Resource competition in Three-gene-motif & Emergence of Feed-forward response: A Spatiotemporal Study

TL;DR

This study investigates how resource competition among genes in a three-gene motif influences feed-forward responses, revealing emergent behaviors, pattern formation, and transient dynamics in spatiotemporal gene expression models.

Contribution

It introduces a resource competition framework into the three-gene feed-forward loop model, uncovering novel emergent responses and pattern formations not explained by traditional models.

Findings

Resource competition induces indirect regulation among genes.

Characteristic response delays and pulse generation are observed.

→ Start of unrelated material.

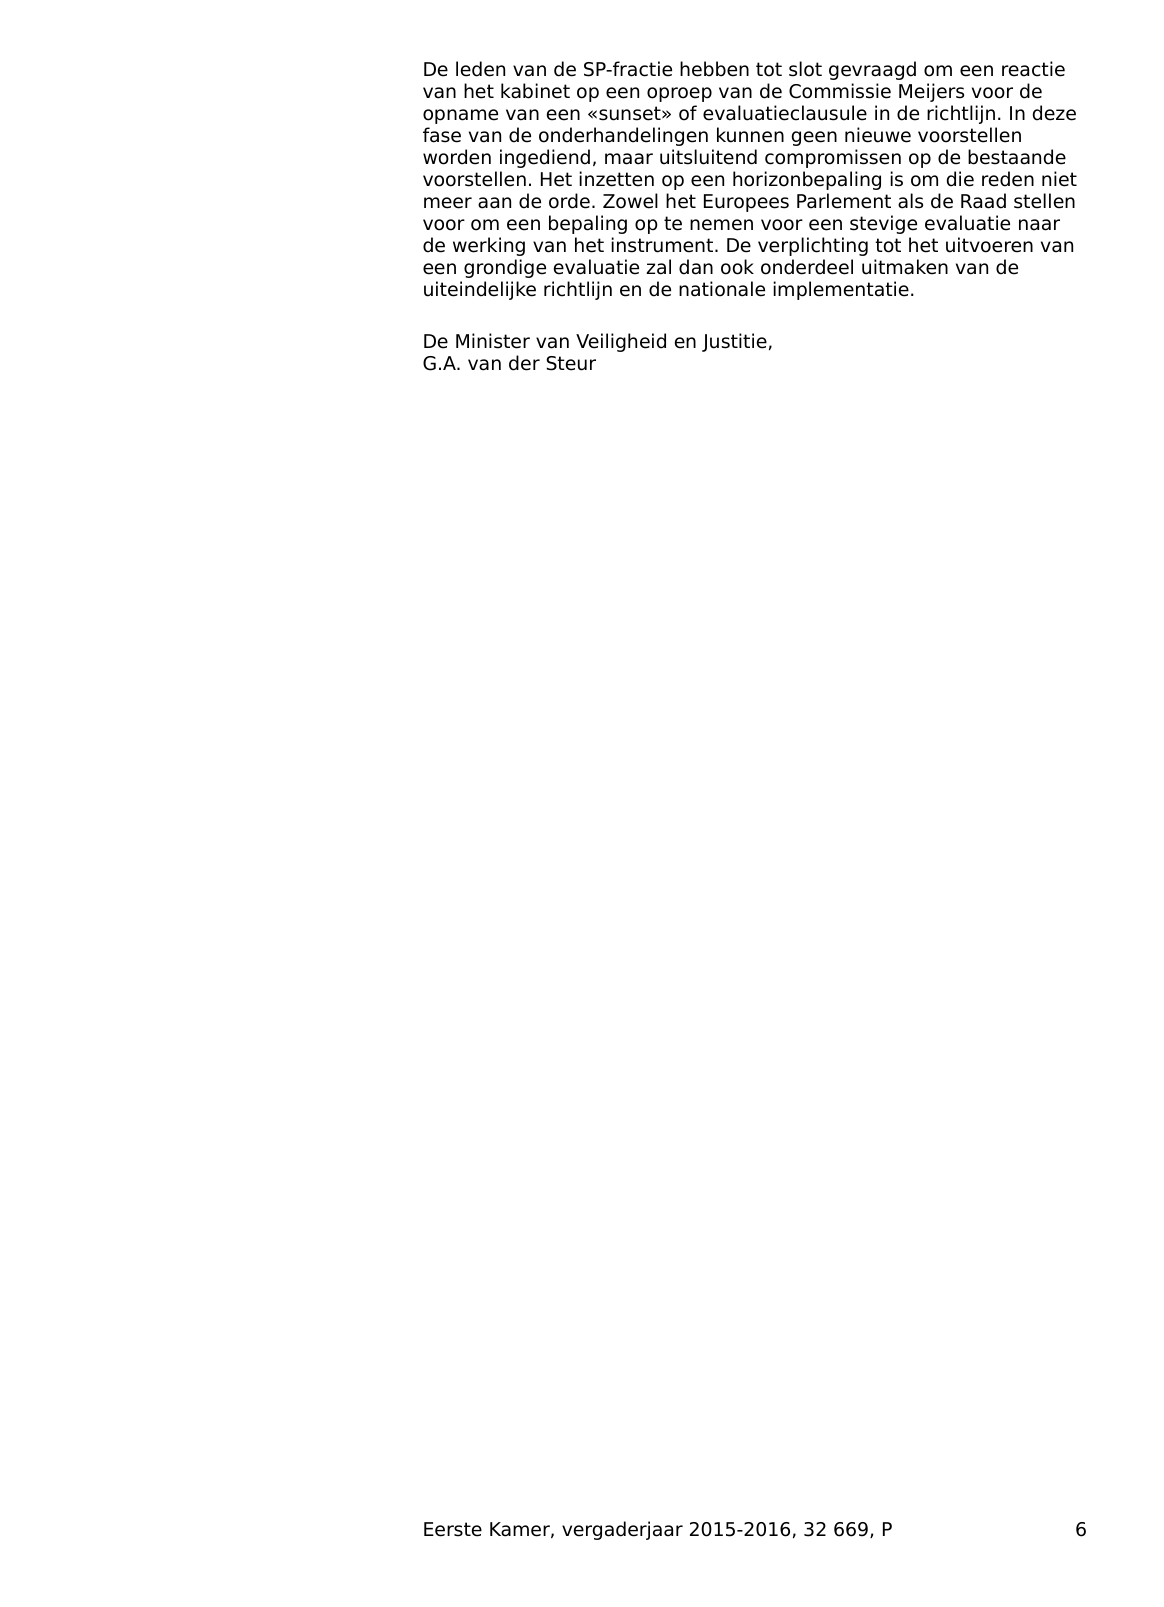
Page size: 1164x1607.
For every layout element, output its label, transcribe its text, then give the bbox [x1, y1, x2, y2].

text De Minister van Veiligheid en Justitie, G.A. van der Steur [422, 331, 1087, 375]
text De leden van de SP-fractie hebben tot slot gevraagd om een reactie van het kabinet op een oproep van de Commissie Meijers voor de opname van een «sunset» of evaluatieclausule in de richtlijn. In deze fase van de onderhandelingen kunnen geen nieuwe voorstellen worden ingediend, maar uitsluitend compromissen op de bestaande voorstellen. Het inzetten op een horizonbepaling is om die reden niet meer aan de orde. Zowel het Europees Parlement als de Raad stellen voor om een bepaling op te nemen voor een stevige evaluatie naar de werking van het instrument. De verplichting tot het uitvoeren van een grondige evaluatie zal dan ook onderdeel uitmaken van de uiteindelijke richtlijn en de nationale implementatie. [422, 59, 1087, 301]
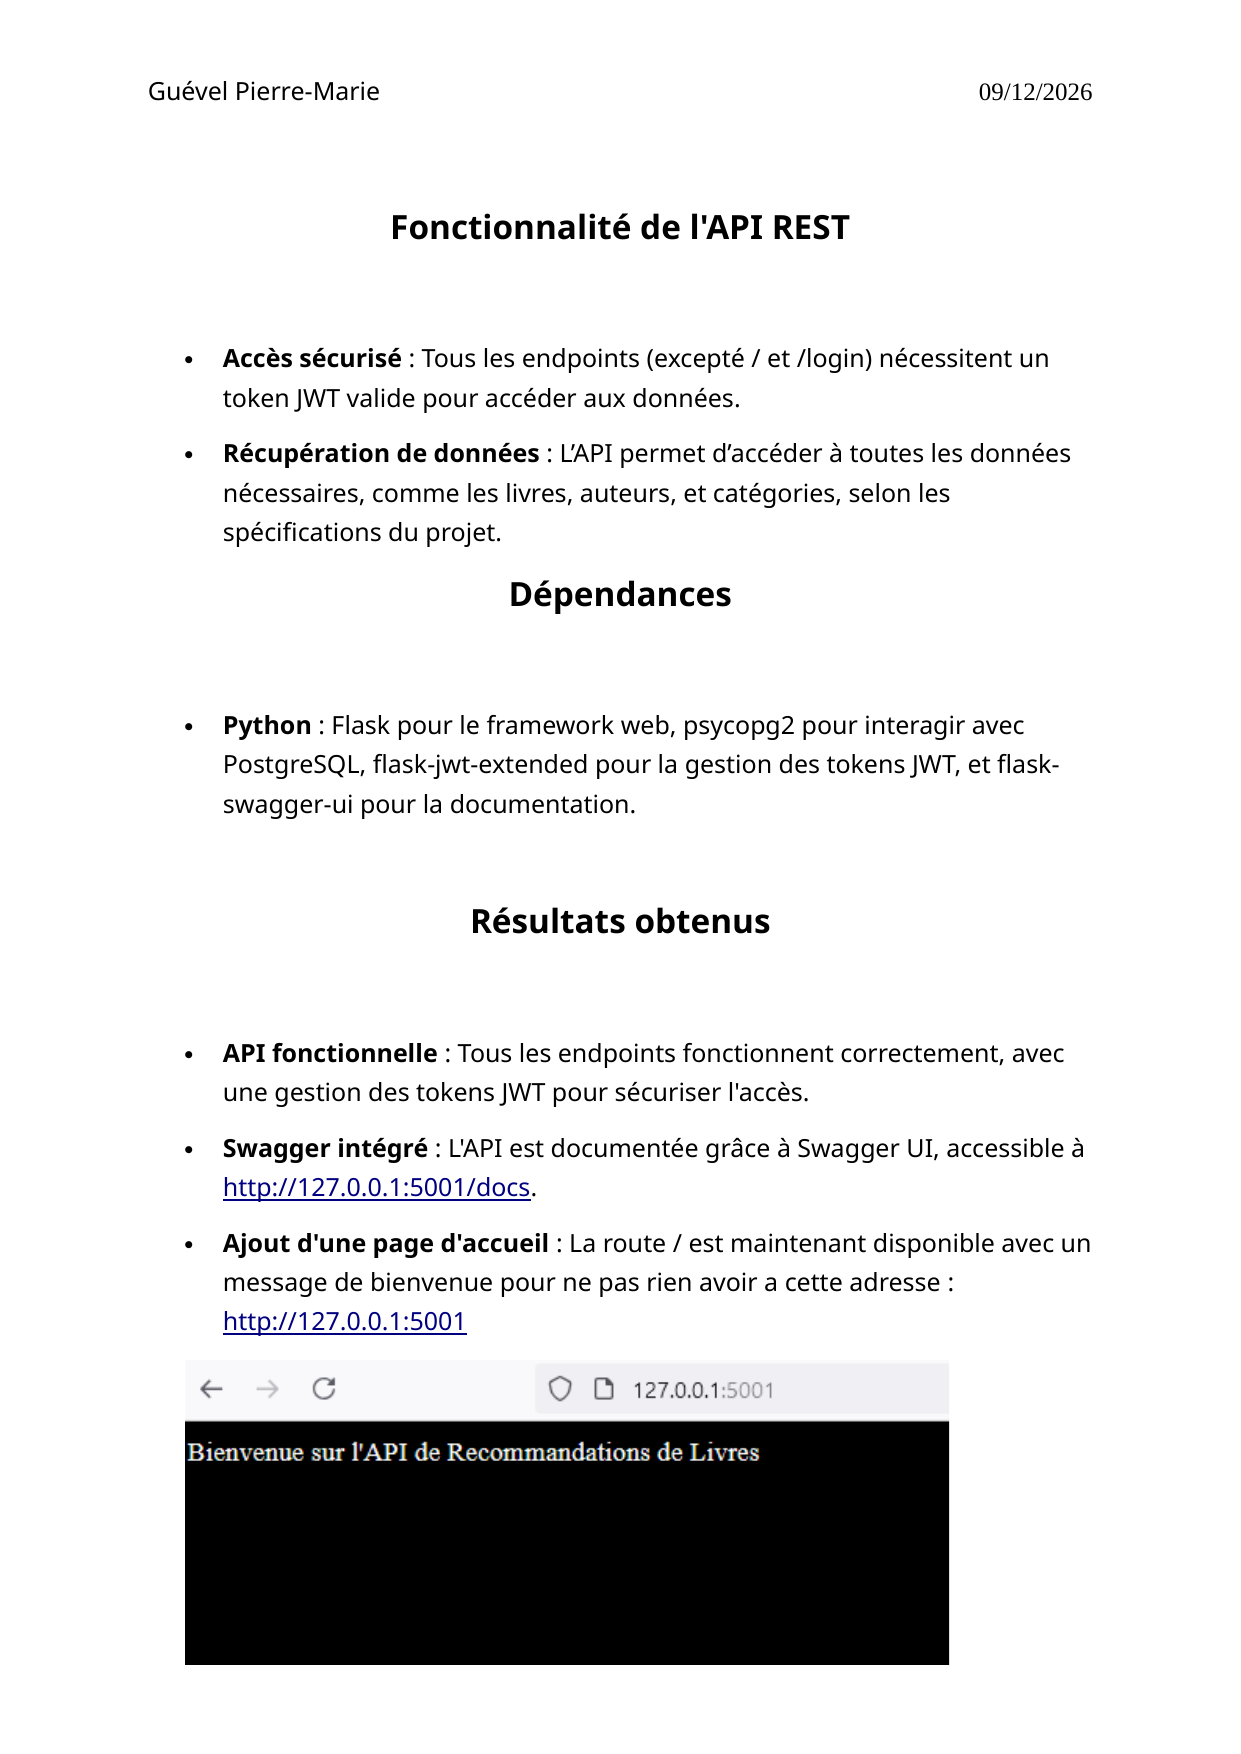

Pattern formation occurs under concentration gradients in cellular arrangements.

Abstract

Feed-forward dynamics, which is well-known to have several important implications in nonlinear dynamical systems, frequently occurs in gene expression motifs, and has been well explored experimentally and mathematically. However, dependency of the components of a genetic circuit upon its host, due to the requirement for resources like ribosome, ATP, transcription factors, tRNA, etc., and related effects are of utmost importance, which is commonly ignored in mathematical models. In a resource-limited environment, two apparently unconnected genes can compete for resources for their respective expression and may exhibit indirect regulatory connection; an emergent response thus arises in the system completely because of resource competition. In this work, we have shown how the responses of the feed-forward loop (FFL), a well-studied regulatory genetic motif, can be recreated considering the resource competition in a three-gene pathway. Exploring the genetic system with temporal as well as spatiotemporal stability analysis, interesting transient and steady-state responses have been observed. The genetic motifs explored in this paper show many of the characteristic features of the conventional FFL structure, like response delay and pulse generation. Most interestingly, in a two-dimensional cellular arrangement, characteristic pattern formation under a concentration gradient of input signals have also been observed. This study pinpoints a larger area of research and exploration in synthetic and cellular systems, which will reveal novel controlling ideas and unique behavioral changes in the system for its context dependencies.